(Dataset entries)

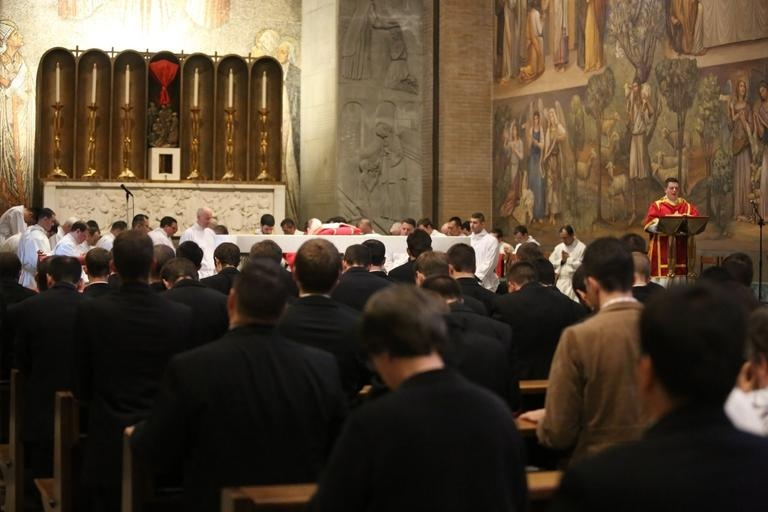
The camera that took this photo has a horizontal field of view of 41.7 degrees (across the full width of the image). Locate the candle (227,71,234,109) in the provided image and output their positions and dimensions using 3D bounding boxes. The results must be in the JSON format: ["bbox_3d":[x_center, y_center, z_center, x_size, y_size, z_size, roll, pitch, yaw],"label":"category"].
[{"bbox_3d":[-3.071,-3.375,20.037,0.116,0.764,0.321,-1,3,-1],"label":"candle"}]

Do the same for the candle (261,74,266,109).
[{"bbox_3d":[-2.393,-3.327,20.021,0.113,0.716,0.284,-1,3,-7],"label":"candle"}]

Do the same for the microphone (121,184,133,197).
[{"bbox_3d":[-4.553,-1.171,17.746,0.201,0.226,0.272,0,3,5],"label":"microphone"}]

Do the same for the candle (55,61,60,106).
[{"bbox_3d":[-6.257,-3.371,19.363,0.097,0.758,0.321,-1,3,-13],"label":"candle"}]
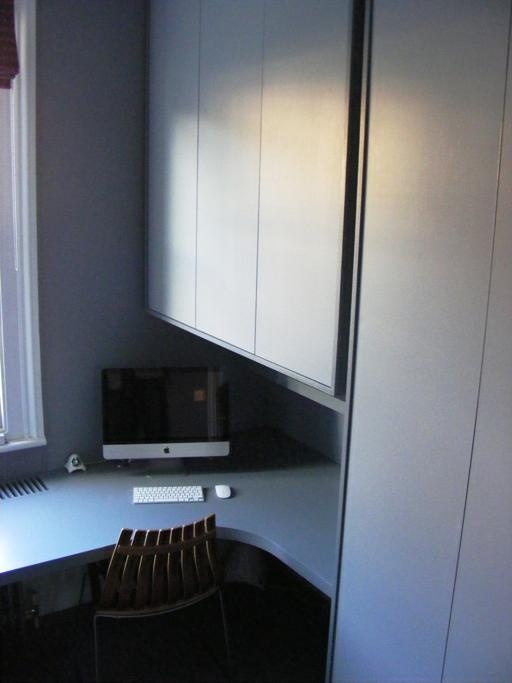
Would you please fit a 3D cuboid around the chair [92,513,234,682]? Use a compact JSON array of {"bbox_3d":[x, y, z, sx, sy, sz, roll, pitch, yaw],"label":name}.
[{"bbox_3d":[-0.278,0.693,1.889,0.312,0.719,0.390,-3,17,-18],"label":"chair"}]
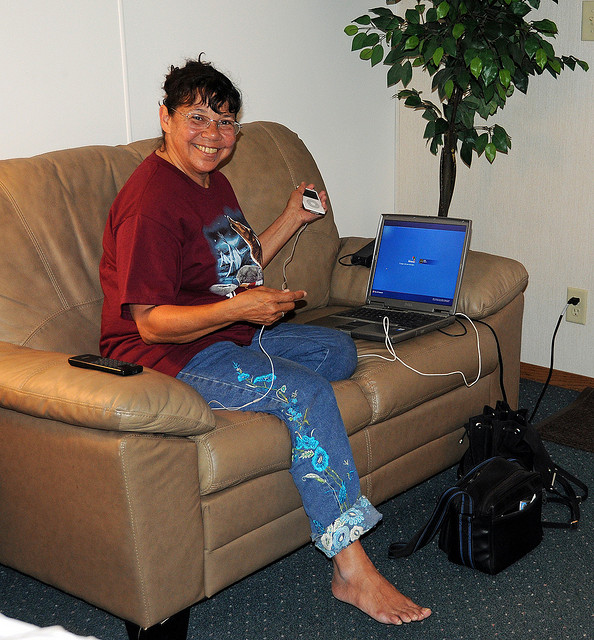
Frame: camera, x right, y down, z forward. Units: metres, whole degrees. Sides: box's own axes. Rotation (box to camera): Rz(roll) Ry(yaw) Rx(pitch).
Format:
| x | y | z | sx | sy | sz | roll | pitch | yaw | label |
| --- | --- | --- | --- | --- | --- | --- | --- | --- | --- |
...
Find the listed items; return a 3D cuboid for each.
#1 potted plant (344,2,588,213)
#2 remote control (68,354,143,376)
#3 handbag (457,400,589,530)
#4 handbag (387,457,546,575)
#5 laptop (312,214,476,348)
| x | y | z | sx | sy | sz | roll | pitch | yaw | label |
| --- | --- | --- | --- | --- | --- | --- | --- | --- | --- |
| 0.701 | -0.938 | 2.787 | 0.917 | 1.397 | 1.040 | 7 | 28 | 13 | potted plant |
| -0.368 | 0.080 | 1.067 | 0.119 | 0.018 | 0.058 | 10 | 14 | 19 | remote control |
| 0.630 | 0.351 | 1.662 | 0.321 | 0.317 | 0.400 | 9 | 19 | 15 | handbag |
| 0.466 | 0.477 | 1.451 | 0.341 | 0.250 | 0.266 | -16 | 16 | -37 | handbag |
| 0.309 | -0.163 | 1.834 | 0.475 | 0.339 | 0.427 | -11 | 14 | -31 | laptop |
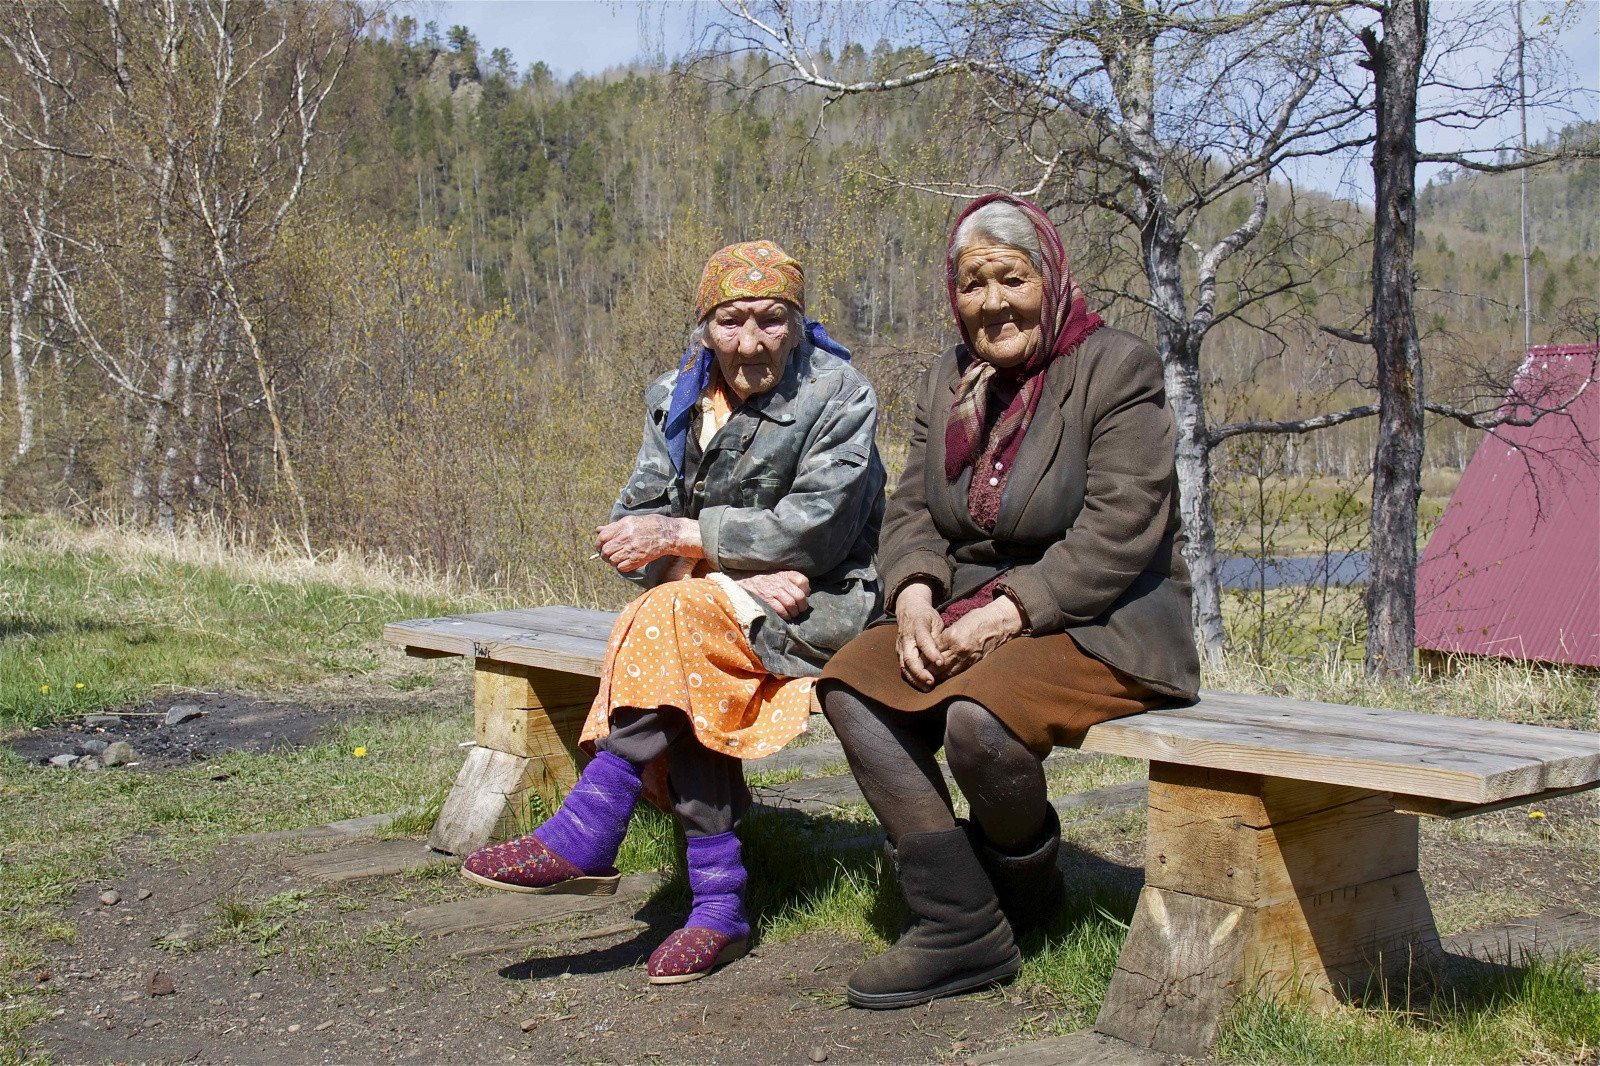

* **What needs to be done**:
Line by line and exactly, reproduce the span from the line with "#3 handbag (457,400,589,530)" through the end of the data above, both ends included, with pictures left out.

* **Task result**:
#3 handbag (457,400,589,530)
#4 handbag (387,457,546,575)
#5 laptop (312,214,476,348)
| x | y | z | sx | sy | sz | roll | pitch | yaw | label |
| --- | --- | --- | --- | --- | --- | --- | --- | --- | --- |
| 0.701 | -0.938 | 2.787 | 0.917 | 1.397 | 1.040 | 7 | 28 | 13 | potted plant |
| -0.368 | 0.080 | 1.067 | 0.119 | 0.018 | 0.058 | 10 | 14 | 19 | remote control |
| 0.630 | 0.351 | 1.662 | 0.321 | 0.317 | 0.400 | 9 | 19 | 15 | handbag |
| 0.466 | 0.477 | 1.451 | 0.341 | 0.250 | 0.266 | -16 | 16 | -37 | handbag |
| 0.309 | -0.163 | 1.834 | 0.475 | 0.339 | 0.427 | -11 | 14 | -31 | laptop |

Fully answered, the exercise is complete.